Неволшебник - страница 6
– Твою мать! – продолжил неистовствовать незнакомец, чётко выкрикивая каждое слово, словно нападая на кого-то.
– Вы хорошо себя чувствуете? – последовало от Алёши.
– А-а-а-а-а-а! Твою мать!
– Вам помочь?
– Твою мать! А-ха-ха-ха!.. Твою мать!.. – выбросил незнакомец и грубо и с силой выплюнул с полстакана слюны вдаль перед собой.
Человечек дрожал, его схватили спазмы, сквозь сжатый рот просачивалась пена. Алёша кричал в поиске помощи, но никто его не слышал. Человечек, охваченный судорогами, сложился вдвое будто аккордеон и умер. Алёша повернулся к выходу с намерением уйти и больше никогда не возвращаться.

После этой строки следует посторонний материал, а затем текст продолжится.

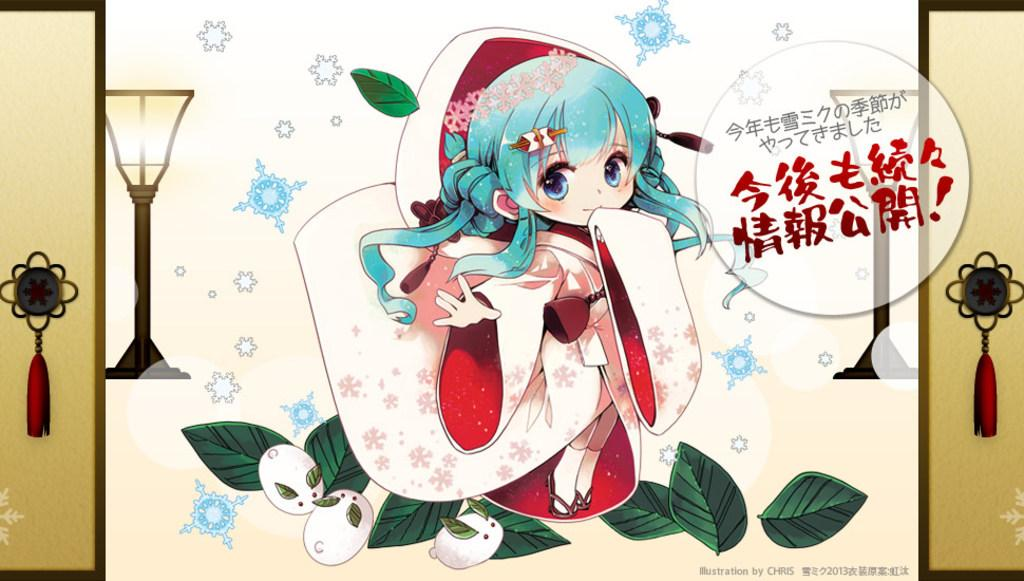What is the main subject of the animated image? The main subject of the animated image is a person with a dress. What type of natural elements can be seen in the image? Leaves are visible in the image. What type of lighting is present in the image? Lamps are present in the image. Is there any text included in the image? Yes, there is text written on the image. How many cards are being covered by the person's thumb in the image? There are no cards or thumbs present in the image. 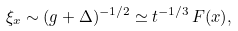<formula> <loc_0><loc_0><loc_500><loc_500>\xi _ { x } \sim ( g + \Delta ) ^ { - 1 / 2 } \simeq { t } ^ { - 1 / 3 } \, F ( x ) ,</formula> 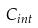<formula> <loc_0><loc_0><loc_500><loc_500>C _ { i n t }</formula>

Напоследок, Алёша бросил взгляд из-за плеча на тех трёх, пребывающих в технической комнате – они хохотали, растягивая улыбку до ушей, и с видимым удовольствием похлопывали по плёночному проигрывателю как довольный хозяин по послушному питомцу.

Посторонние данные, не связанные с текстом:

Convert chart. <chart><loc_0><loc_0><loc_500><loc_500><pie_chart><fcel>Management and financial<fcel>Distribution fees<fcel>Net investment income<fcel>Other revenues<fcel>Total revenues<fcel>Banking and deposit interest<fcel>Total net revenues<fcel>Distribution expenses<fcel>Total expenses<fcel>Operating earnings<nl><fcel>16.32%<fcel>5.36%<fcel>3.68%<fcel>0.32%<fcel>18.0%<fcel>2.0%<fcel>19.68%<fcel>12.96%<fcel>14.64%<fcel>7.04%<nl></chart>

Пожалуй, одной из главнейших черт Алёшиного характера можно было бы назвать предприимчивость. Относительно молодой пластилин, отживающий закат своей юной силы и подросткового уверившего в себя богоподобного могущества, он так и не познал самодостаточности. Но именно его предприимчивость, претенциозность и деловитость позволили ему достичь того, что ему удалось, то есть купить и обустроить «Дружбу». И несмотря на эту предприимчивость, Алёша пребывал с самого своего детства в отчаянии, и даже, казалось бы, беспричинном. Две силы регулировали его и балансировали в нём, не позволяя друг другу взять верх и поддерживая остаток Алёшиной жизненной энергии во вполне пригодном состоянии. Хоть бы и так, а Алёше редко это служило успокоением: он с ритмичностью маятника переходил из бодрости и воодушевления в умственное отупение и душевное онемение. Его внутренний баланс был лишён гармонии. Но припадков гнева за ним однозначно не наблюдалось.

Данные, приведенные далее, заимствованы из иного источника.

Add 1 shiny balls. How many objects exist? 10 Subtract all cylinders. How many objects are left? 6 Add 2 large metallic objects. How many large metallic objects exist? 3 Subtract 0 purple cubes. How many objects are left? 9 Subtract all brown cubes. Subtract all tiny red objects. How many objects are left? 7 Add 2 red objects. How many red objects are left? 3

Алёша вернулся в комнату техобслуживания в «Дружбе» и закрыл за собой дверь. Он перевёл пустой взгляд в сторону зала: фильм подходил к концу, и на сеансе оставалось только несколько человечков. Насчитав восемь присутствующих, Алёша с усилием в движении подошёл к холодильнику, заглянул в него и что-то там подробно посмотрел внутри, затем закрыл дверцу и уселся в кресло, измученный. Он вновь поднял усталые глаза на экран: близилась к завершению финальная сцена фильма, где протестующие демонстративно сносят памятник первому изготовителю пластмассы, можно сказать, её изобретателю. Зрители сидели уже склонив головы на плечи.
Удар! Не заметил Алёша, не отдал себе отчёт в том, что с хрустом ударил рукой поверхность, за которой сидел. Этим всплеском он даже сбил уровень звука на консоли, что он тут же исправил. Понежив руку, чтобы освободить её от боли, он выложил её на регулятор громкости и заметил вдруг, что чего-то не хватает. Он рассматривал собственную руку, ту, которую он носит на себе с детства, которой он открывает двери и включает фильмы, которой он ест и на которую смотрит в недоумении как на неожиданность. И, по прошествии нескольких секунд, наконец он понял, что своим ударом оторвал себе часть руки. Он принялся искать пропажу. Где она лежала, эта часть, он не смог увидеть, прошерстив глазами всё, до чего дотягивался взгляд. И, повернувшись в кресле в сторону и сдвинув ногу вбок, он нащупал маленький комочек, затесавшийся у его стоп. Прежде чем взять его левой, целой рукой, Алёша глядел на него словно видел впервые: он засматривался тем, как блеклый свет верхней лампы комнаты делил его беглую плоть с темнотой, выступавшей из-под звуковой консоли. И снова чёрное и белое стали осязаемыми. Алёшино лицо искривилось, будто готовясь обратиться в слёзы.